* Data shown:
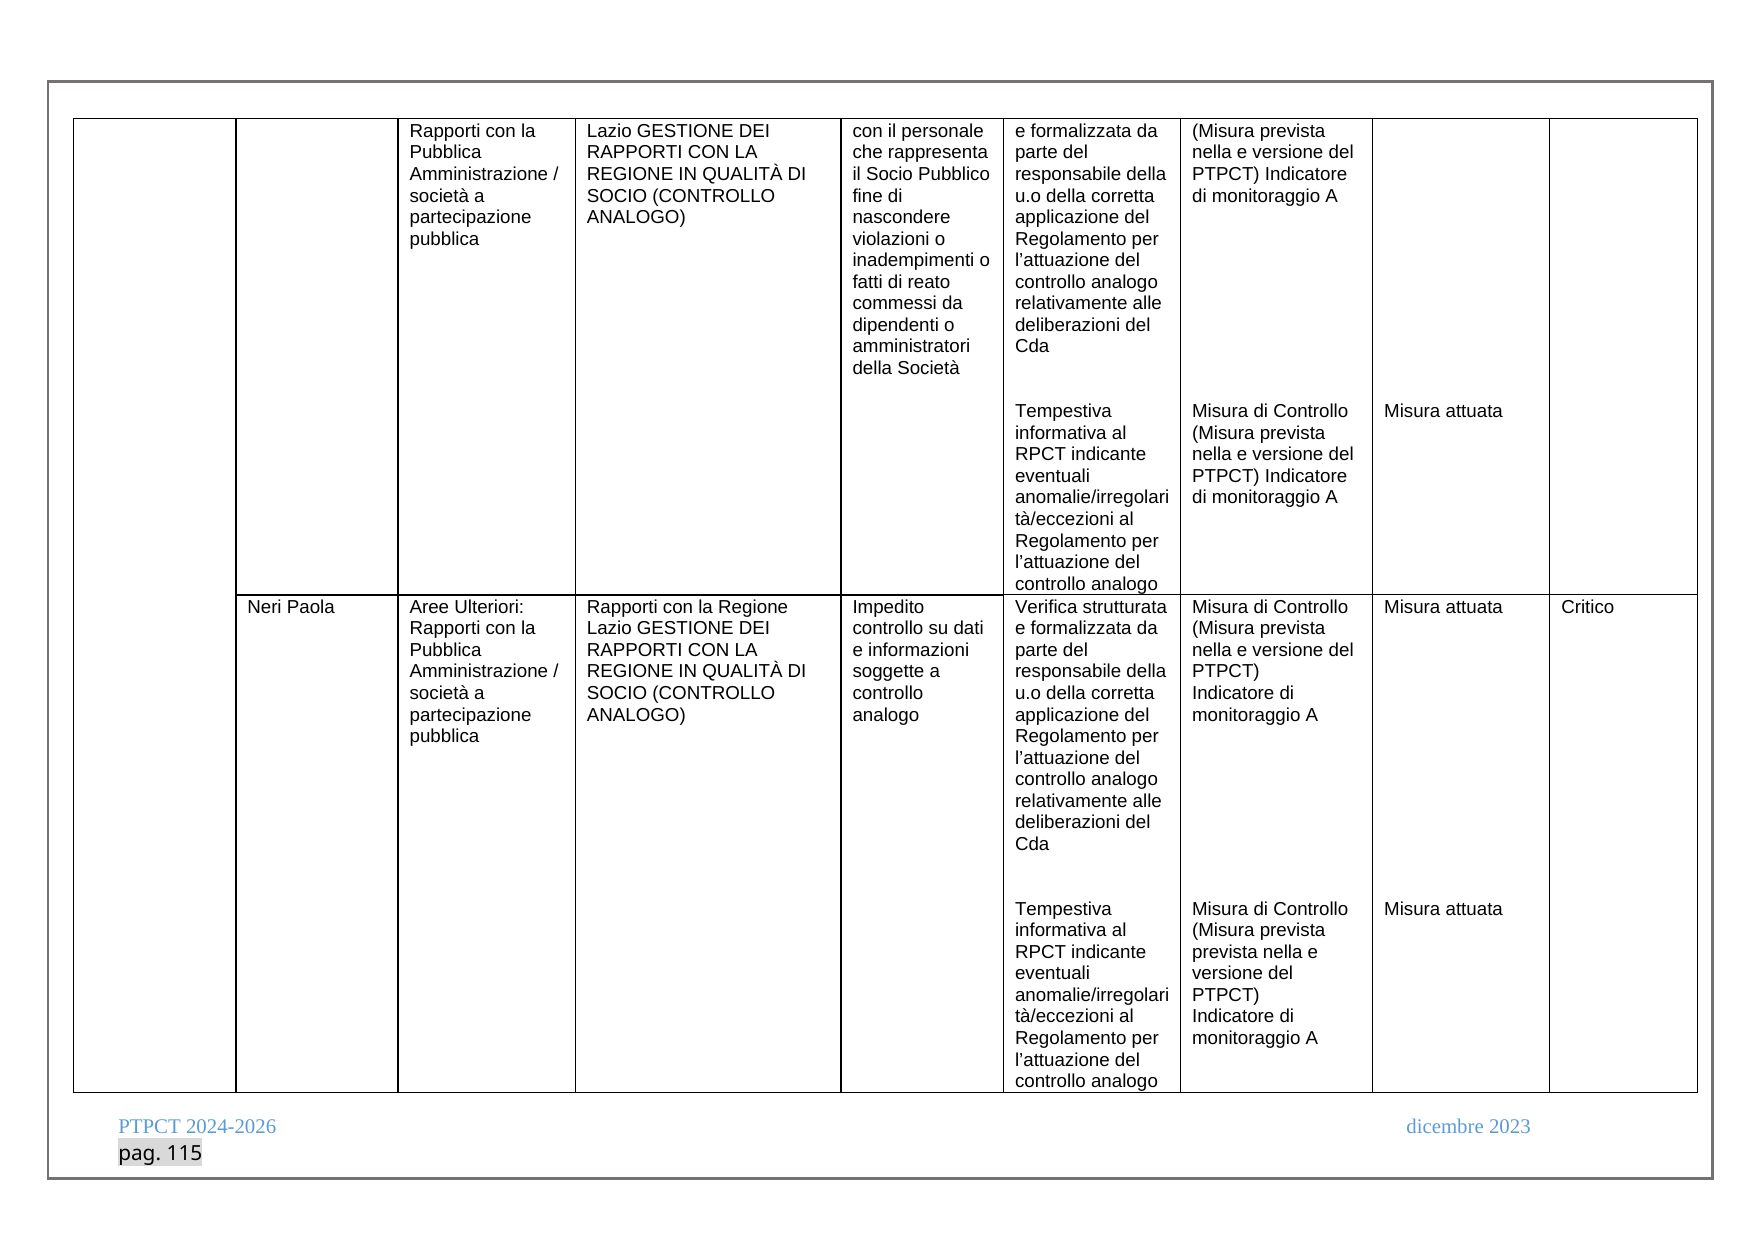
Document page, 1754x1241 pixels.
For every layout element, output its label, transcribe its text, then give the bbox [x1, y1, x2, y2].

table_cell Misura di Controllo (Misura prevista nella e versione del PTPCT) Indicatore di monitoraggio A Misura di Controllo (Misura prevista prevista nella e versione del PTPCT) Indicatore di monitoraggio A [1181, 595, 1372, 1092]
table_cell Aree Ulteriori: Rapporti con la Pubblica Amministrazione /società a partecipazione pubblica [399, 596, 575, 1092]
table_cell con il personale che rappresenta il Socio Pubblico fine di nascondere violazioni o inadempimenti o fatti di reato commessi da dipendenti o amministratori della Società [842, 119, 1003, 594]
table_cell [237, 119, 397, 594]
table_cell e formalizzata da parte del responsabile della u.o della corretta applicazione del Regolamento per l’attuazione del controllo analogo relativamente alle deliberazioni del Cda Tempestiva informativa al RPCT indicante eventuali anomalie/irregolarità/eccezioni al Regolamento per l’attuazione del controllo analogo [1004, 119, 1180, 594]
table_cell Misura attuata Misura attuata [1373, 595, 1549, 1092]
table_cell Critico [1550, 595, 1697, 1092]
table_cell Impedito controllo su dati e informazioni soggette a controllo analogo [842, 596, 1003, 1092]
table_cell Rapporti con la Pubblica Amministrazione /società a partecipazione pubblica [399, 119, 575, 594]
table_cell Lazio GESTIONE DEI RAPPORTI CON LA REGIONE IN QUALITÀ DI SOCIO (CONTROLLO ANALOGO) [576, 119, 840, 594]
table_cell [74, 119, 235, 1092]
table_cell (Misura prevista nella e versione del PTPCT) Indicatore di monitoraggio A Misura di Controllo (Misura prevista nella e versione del PTPCT) Indicatore di monitoraggio A [1181, 119, 1372, 594]
table_cell Neri Paola [237, 596, 397, 1092]
table_cell Misura attuata [1373, 119, 1549, 594]
table_cell Rapporti con la Regione Lazio GESTIONE DEI RAPPORTI CON LA REGIONE IN QUALITÀ DI SOCIO (CONTROLLO ANALOGO) [576, 596, 840, 1092]
table_cell [1550, 119, 1697, 594]
table_cell Verifica strutturata e formalizzata da parte del responsabile della u.o della corretta applicazione del Regolamento per l’attuazione del controllo analogo relativamente alle deliberazioni del Cda Tempestiva informativa al RPCT indicante eventuali anomalie/irregolarità/eccezioni al Regolamento per l’attuazione del controllo analogo [1004, 595, 1180, 1092]

* Work to complete:
Write the records out again exactly as shown above, keeping no pictures.

* Solution to the problem:
Document page, 1754x1241 pixels.
For every layout element, output its label, transcribe its text, then give the bbox [x1, y1, x2, y2].

table_cell Misura di Controllo (Misura prevista nella e versione del PTPCT) Indicatore di monitoraggio A Misura di Controllo (Misura prevista prevista nella e versione del PTPCT) Indicatore di monitoraggio A [1181, 595, 1372, 1092]
table_cell Aree Ulteriori: Rapporti con la Pubblica Amministrazione /società a partecipazione pubblica [399, 596, 575, 1092]
table_cell con il personale che rappresenta il Socio Pubblico fine di nascondere violazioni o inadempimenti o fatti di reato commessi da dipendenti o amministratori della Società [842, 119, 1003, 594]
table_cell [237, 119, 397, 594]
table_cell e formalizzata da parte del responsabile della u.o della corretta applicazione del Regolamento per l’attuazione del controllo analogo relativamente alle deliberazioni del Cda Tempestiva informativa al RPCT indicante eventuali anomalie/irregolarità/eccezioni al Regolamento per l’attuazione del controllo analogo [1004, 119, 1180, 594]
table_cell Misura attuata Misura attuata [1373, 595, 1549, 1092]
table_cell Critico [1550, 595, 1697, 1092]
table_cell Impedito controllo su dati e informazioni soggette a controllo analogo [842, 596, 1003, 1092]
table_cell Rapporti con la Pubblica Amministrazione /società a partecipazione pubblica [399, 119, 575, 594]
table_cell Lazio GESTIONE DEI RAPPORTI CON LA REGIONE IN QUALITÀ DI SOCIO (CONTROLLO ANALOGO) [576, 119, 840, 594]
table_cell [74, 119, 235, 1092]
table_cell (Misura prevista nella e versione del PTPCT) Indicatore di monitoraggio A Misura di Controllo (Misura prevista nella e versione del PTPCT) Indicatore di monitoraggio A [1181, 119, 1372, 594]
table_cell Neri Paola [237, 596, 397, 1092]
table_cell Misura attuata [1373, 119, 1549, 594]
table_cell Rapporti con la Regione Lazio GESTIONE DEI RAPPORTI CON LA REGIONE IN QUALITÀ DI SOCIO (CONTROLLO ANALOGO) [576, 596, 840, 1092]
table_cell [1550, 119, 1697, 594]
table_cell Verifica strutturata e formalizzata da parte del responsabile della u.o della corretta applicazione del Regolamento per l’attuazione del controllo analogo relativamente alle deliberazioni del Cda Tempestiva informativa al RPCT indicante eventuali anomalie/irregolarità/eccezioni al Regolamento per l’attuazione del controllo analogo [1004, 595, 1180, 1092]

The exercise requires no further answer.